Your copy should hold every record verbatim and none of the pictures.
====== Working data
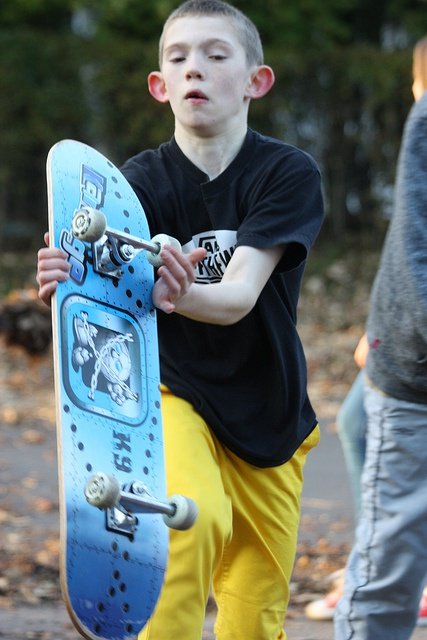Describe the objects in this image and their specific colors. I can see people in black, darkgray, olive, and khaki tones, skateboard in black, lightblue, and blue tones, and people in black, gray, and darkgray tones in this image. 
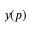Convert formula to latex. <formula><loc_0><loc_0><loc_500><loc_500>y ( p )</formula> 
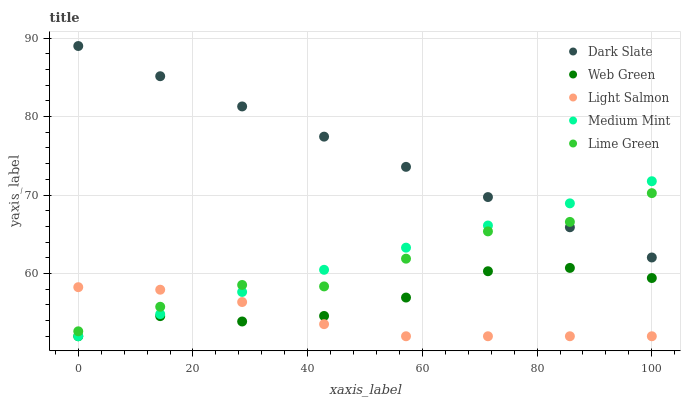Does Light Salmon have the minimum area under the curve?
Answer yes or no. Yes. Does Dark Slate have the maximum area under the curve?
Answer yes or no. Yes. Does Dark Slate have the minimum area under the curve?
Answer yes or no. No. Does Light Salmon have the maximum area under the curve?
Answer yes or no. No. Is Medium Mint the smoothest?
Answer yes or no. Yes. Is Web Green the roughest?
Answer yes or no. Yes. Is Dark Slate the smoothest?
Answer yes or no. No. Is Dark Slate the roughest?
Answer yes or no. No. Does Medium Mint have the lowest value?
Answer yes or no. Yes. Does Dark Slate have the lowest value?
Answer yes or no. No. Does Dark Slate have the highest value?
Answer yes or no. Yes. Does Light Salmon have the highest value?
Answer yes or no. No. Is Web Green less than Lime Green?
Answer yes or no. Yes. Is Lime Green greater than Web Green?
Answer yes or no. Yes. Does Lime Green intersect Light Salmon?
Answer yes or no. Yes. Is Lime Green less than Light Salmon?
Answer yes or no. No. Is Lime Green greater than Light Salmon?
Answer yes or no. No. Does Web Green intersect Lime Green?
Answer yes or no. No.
============
Written response =>
Describe the objects in this image and their specific colors. I can see people in black, darkgray, olive, and khaki tones, skateboard in black, lightblue, and blue tones, and people in black, gray, and darkgray tones in this image. 
Convert formula to latex. <formula><loc_0><loc_0><loc_500><loc_500>y ( p )</formula> 
Does Light Salmon have the minimum area under the curve?
Answer yes or no. Yes. Does Dark Slate have the maximum area under the curve?
Answer yes or no. Yes. Does Dark Slate have the minimum area under the curve?
Answer yes or no. No. Does Light Salmon have the maximum area under the curve?
Answer yes or no. No. Is Medium Mint the smoothest?
Answer yes or no. Yes. Is Web Green the roughest?
Answer yes or no. Yes. Is Dark Slate the smoothest?
Answer yes or no. No. Is Dark Slate the roughest?
Answer yes or no. No. Does Medium Mint have the lowest value?
Answer yes or no. Yes. Does Dark Slate have the lowest value?
Answer yes or no. No. Does Dark Slate have the highest value?
Answer yes or no. Yes. Does Light Salmon have the highest value?
Answer yes or no. No. Is Web Green less than Lime Green?
Answer yes or no. Yes. Is Lime Green greater than Web Green?
Answer yes or no. Yes. Does Lime Green intersect Light Salmon?
Answer yes or no. Yes. Is Lime Green less than Light Salmon?
Answer yes or no. No. Is Lime Green greater than Light Salmon?
Answer yes or no. No. Does Web Green intersect Lime Green?
Answer yes or no. No.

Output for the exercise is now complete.